_Task statement_
Write each line again exactly as it is, from the opening line of the records below through the one containing "Answer: No What", and add nothing.

_Data for review_
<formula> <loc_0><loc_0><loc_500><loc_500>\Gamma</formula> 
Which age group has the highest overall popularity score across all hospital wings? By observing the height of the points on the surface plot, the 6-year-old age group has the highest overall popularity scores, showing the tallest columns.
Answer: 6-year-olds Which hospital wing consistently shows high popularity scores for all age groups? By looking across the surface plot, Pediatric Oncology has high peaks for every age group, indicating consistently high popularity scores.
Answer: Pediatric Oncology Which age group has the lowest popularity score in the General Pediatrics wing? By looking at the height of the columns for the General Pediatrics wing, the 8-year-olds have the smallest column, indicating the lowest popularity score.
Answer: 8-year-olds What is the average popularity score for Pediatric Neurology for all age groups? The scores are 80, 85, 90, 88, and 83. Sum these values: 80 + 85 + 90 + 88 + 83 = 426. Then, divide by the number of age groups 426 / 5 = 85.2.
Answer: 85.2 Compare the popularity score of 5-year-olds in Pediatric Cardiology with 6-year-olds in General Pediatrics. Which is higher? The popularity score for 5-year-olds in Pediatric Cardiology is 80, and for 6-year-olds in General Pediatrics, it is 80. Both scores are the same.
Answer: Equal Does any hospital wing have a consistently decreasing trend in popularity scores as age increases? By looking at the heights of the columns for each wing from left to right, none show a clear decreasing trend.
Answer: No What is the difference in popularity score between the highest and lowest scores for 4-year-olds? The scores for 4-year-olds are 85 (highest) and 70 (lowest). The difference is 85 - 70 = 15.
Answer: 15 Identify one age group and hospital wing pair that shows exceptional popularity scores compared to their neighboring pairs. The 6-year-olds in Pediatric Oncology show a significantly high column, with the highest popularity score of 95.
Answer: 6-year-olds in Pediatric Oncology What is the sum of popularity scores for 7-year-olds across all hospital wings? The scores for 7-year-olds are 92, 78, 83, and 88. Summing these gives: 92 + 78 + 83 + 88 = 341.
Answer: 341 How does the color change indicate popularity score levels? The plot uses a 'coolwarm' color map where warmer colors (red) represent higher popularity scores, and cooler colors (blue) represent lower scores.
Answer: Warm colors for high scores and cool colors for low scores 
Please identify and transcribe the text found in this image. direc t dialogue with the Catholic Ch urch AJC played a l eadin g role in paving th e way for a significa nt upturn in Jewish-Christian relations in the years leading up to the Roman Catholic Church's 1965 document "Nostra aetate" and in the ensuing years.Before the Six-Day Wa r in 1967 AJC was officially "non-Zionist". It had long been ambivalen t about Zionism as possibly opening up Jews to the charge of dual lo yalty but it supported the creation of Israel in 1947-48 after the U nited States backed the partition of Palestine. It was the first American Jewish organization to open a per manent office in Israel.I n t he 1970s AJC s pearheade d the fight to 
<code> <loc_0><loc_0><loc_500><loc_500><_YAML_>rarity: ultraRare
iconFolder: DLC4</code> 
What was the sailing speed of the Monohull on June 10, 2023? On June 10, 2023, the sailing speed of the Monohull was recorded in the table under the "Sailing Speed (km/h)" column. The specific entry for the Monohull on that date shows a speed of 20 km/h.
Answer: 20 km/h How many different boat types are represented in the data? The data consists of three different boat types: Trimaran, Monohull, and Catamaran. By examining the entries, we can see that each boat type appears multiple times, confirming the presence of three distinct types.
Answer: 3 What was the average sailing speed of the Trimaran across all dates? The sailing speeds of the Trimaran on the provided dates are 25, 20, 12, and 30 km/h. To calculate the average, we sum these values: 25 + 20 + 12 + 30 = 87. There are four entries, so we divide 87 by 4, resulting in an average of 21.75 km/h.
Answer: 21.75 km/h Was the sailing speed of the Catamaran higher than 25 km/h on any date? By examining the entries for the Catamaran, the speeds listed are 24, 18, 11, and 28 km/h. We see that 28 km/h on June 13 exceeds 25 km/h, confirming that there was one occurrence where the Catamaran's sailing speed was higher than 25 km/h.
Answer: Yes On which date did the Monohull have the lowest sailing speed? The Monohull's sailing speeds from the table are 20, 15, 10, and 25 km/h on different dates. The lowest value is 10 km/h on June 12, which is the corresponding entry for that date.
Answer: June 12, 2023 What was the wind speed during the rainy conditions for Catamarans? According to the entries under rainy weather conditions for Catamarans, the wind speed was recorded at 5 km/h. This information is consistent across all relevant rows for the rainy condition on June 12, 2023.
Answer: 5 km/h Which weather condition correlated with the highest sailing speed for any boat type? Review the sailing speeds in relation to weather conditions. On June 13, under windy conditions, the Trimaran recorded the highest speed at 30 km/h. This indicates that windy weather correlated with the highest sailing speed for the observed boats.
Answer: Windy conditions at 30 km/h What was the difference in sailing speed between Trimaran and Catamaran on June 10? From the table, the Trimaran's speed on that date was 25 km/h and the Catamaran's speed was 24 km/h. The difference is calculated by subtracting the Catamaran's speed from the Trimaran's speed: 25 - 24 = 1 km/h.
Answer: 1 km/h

_Output below_
<formula> <loc_0><loc_0><loc_500><loc_500>\Gamma</formula> 
Which age group has the highest overall popularity score across all hospital wings? By observing the height of the points on the surface plot, the 6-year-old age group has the highest overall popularity scores, showing the tallest columns.
Answer: 6-year-olds Which hospital wing consistently shows high popularity scores for all age groups? By looking across the surface plot, Pediatric Oncology has high peaks for every age group, indicating consistently high popularity scores.
Answer: Pediatric Oncology Which age group has the lowest popularity score in the General Pediatrics wing? By looking at the height of the columns for the General Pediatrics wing, the 8-year-olds have the smallest column, indicating the lowest popularity score.
Answer: 8-year-olds What is the average popularity score for Pediatric Neurology for all age groups? The scores are 80, 85, 90, 88, and 83. Sum these values: 80 + 85 + 90 + 88 + 83 = 426. Then, divide by the number of age groups 426 / 5 = 85.2.
Answer: 85.2 Compare the popularity score of 5-year-olds in Pediatric Cardiology with 6-year-olds in General Pediatrics. Which is higher? The popularity score for 5-year-olds in Pediatric Cardiology is 80, and for 6-year-olds in General Pediatrics, it is 80. Both scores are the same.
Answer: Equal Does any hospital wing have a consistently decreasing trend in popularity scores as age increases? By looking at the heights of the columns for each wing from left to right, none show a clear decreasing trend.
Answer: No What is the difference in popularity score between the highest and lowest scores for 4-year-olds? The scores for 4-year-olds are 85 (highest) and 70 (lowest). The difference is 85 - 70 = 15.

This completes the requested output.